Lauer: Let me read you what you said about him. ‘His music is like my oldest friend, always in the back of my head and on the horizon. It's the finest music I've ever heard. I've always trusted its purity. And I always will.’ I don't know what more you could say.... Clapton: Well that one, I just wrote that just now. (Laughter) I mean that, (Laughter) but that is true. That's exactly the way it affected me, it motivated me to be a musician.

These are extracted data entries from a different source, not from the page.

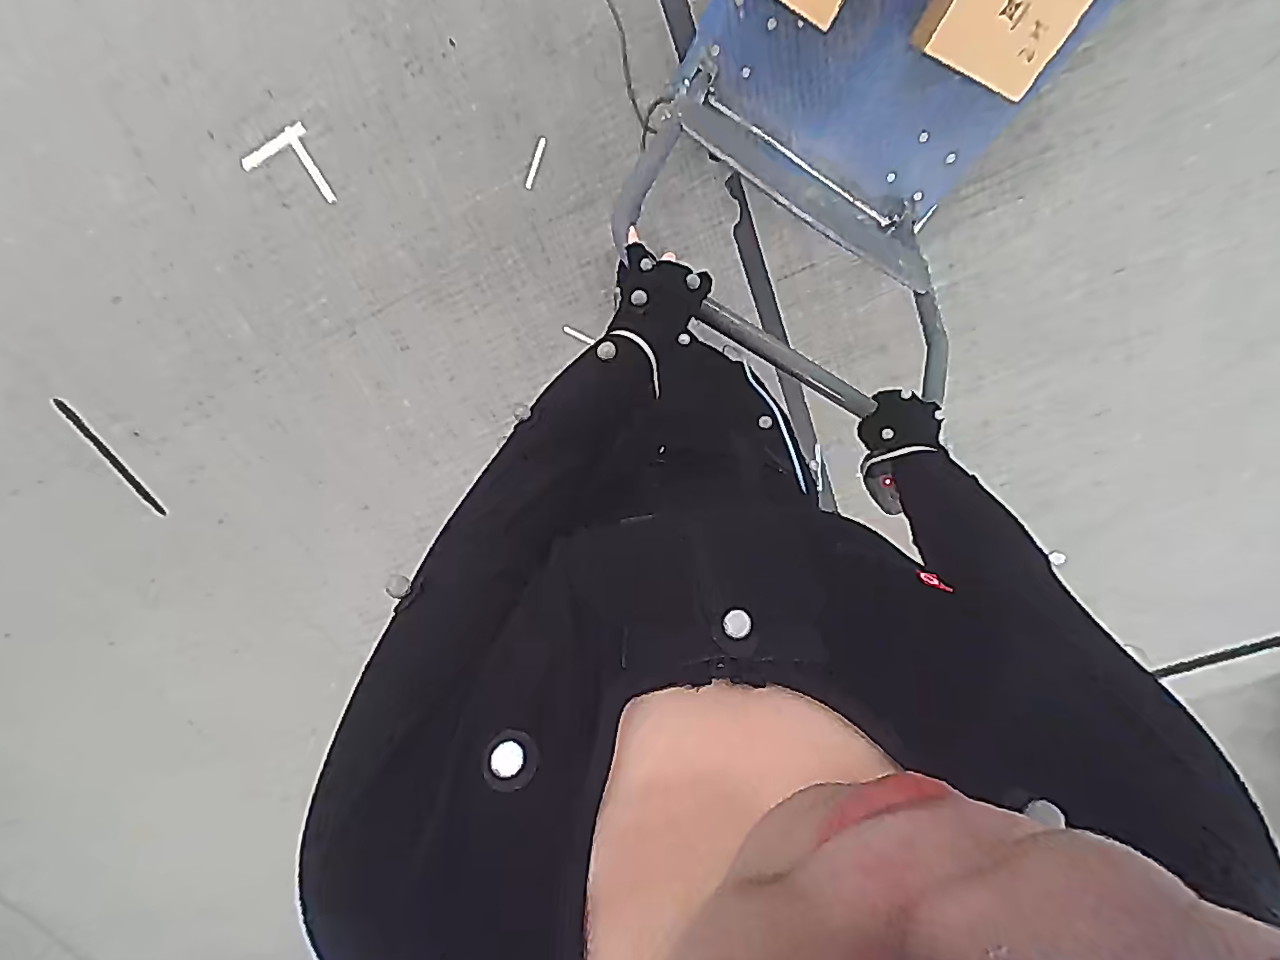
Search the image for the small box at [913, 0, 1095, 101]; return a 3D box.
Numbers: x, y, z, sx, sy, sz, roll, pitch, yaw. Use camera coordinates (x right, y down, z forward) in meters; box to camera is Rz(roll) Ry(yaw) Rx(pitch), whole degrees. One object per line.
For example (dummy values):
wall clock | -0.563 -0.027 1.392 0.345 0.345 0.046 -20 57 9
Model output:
small box | 0.554 -0.725 0.832 0.179 0.176 0.168 24 135 -6
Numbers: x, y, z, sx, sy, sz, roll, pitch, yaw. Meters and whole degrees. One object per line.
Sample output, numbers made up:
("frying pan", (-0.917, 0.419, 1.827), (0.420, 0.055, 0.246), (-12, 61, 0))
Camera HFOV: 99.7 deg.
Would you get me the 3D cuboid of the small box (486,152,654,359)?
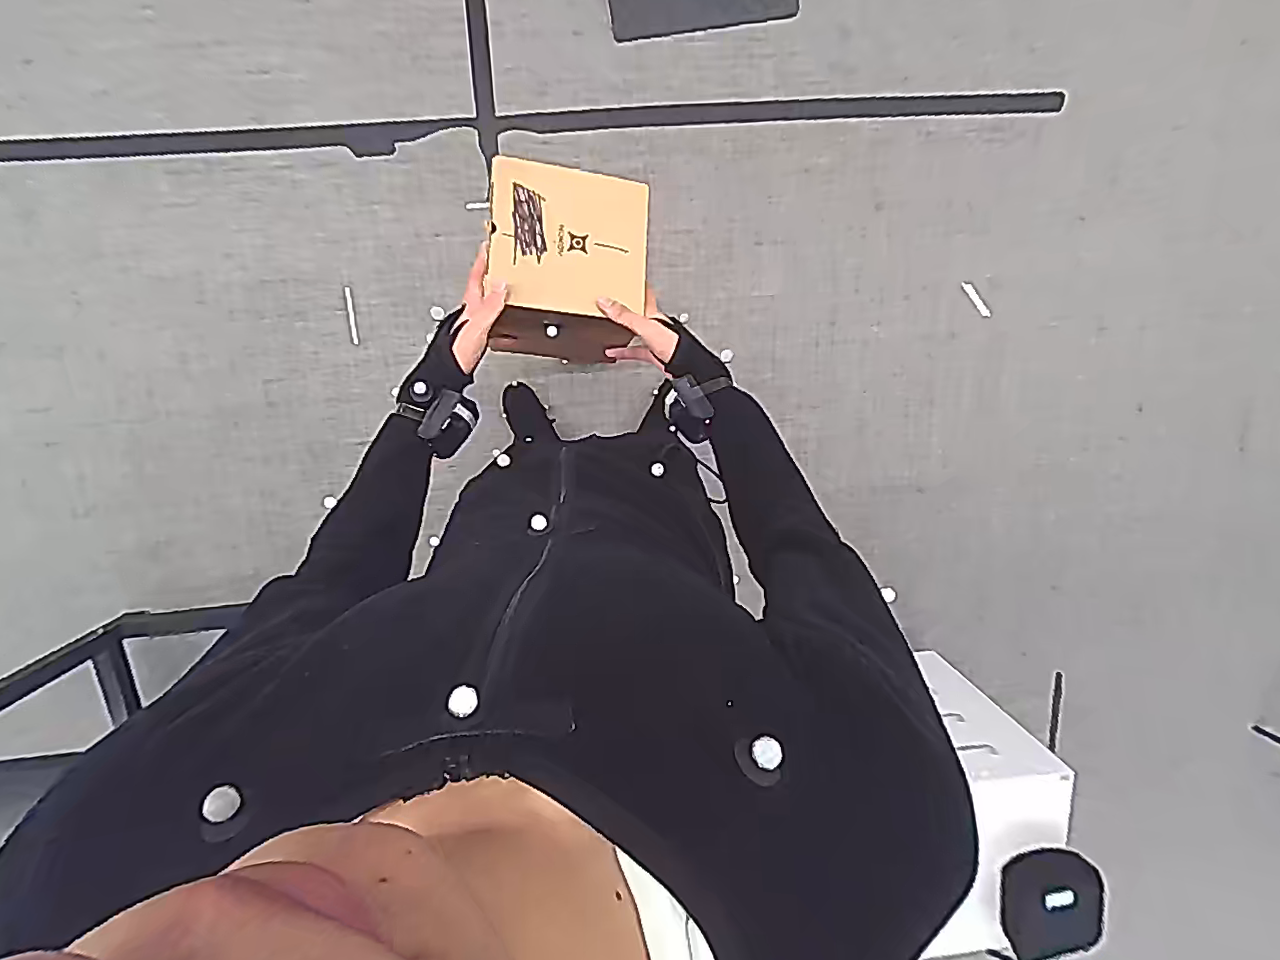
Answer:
("small box", (-0.090, -0.255, 0.660), (0.179, 0.176, 0.168), (3, 85, -14))

Lauer: Is it hard to play the blues when you're happy? Clapton: Not at all. (Laughter) I've recovered from a lot of things. But I can get in touch with those things anytime I like, or even, if I don't want to. If I sometimes will just get a flashback out of the blue without any expectation and I want to cry about something that's happened in my life. As much as I've grieved and mourned and gone through the processes, those things still come back. I mean, it is part of me.
Johnson's influence on Clapton went well beyond his music. His drug and alcohol rehab
facility is named "Crossroads," in Antigua, after a Johnson song. Founded in 1997, the
center has been a passion of Clapton’s ever since.
Clapton: I haven't had any of that stuff in my system for nearly 16 years. And my life has seriously gotten better. And it's an inside job. It's like on the outside, not too much has changed. There's always been money and stuff and a career and music and things like that moving around my life. But I never really felt really good about me. So that's what needed to change was I had all this stuff when I was 21. And I still wanted to die (Laughter) on a daily basis.
And now, at the age of 58, Eric Clapton continues to work on his music as he takes his place in history. He's won 16 Grammys, is a triple inductee into The Rock and Roll Hall of Fame and is undoubtedly one on the most revered and truly talented guitarists in the world.
Eric Clapton inducted into the Rock and Roll Hall of Fame.... 2000
Eric Clapton was inducted into the Rock and Roll Hall of Fame for the unprecedented third time when he was honored for his solo career during the Fifteenth Annual Induction Ceremony, held on March 6, 2000 at the Waldorf-Astoria Hotel in New York City. Robbie Robertson (The Hawks, The Band) was his presenter. Previously, Clapton has been inducted as a member of both the Yardbirds and Cream.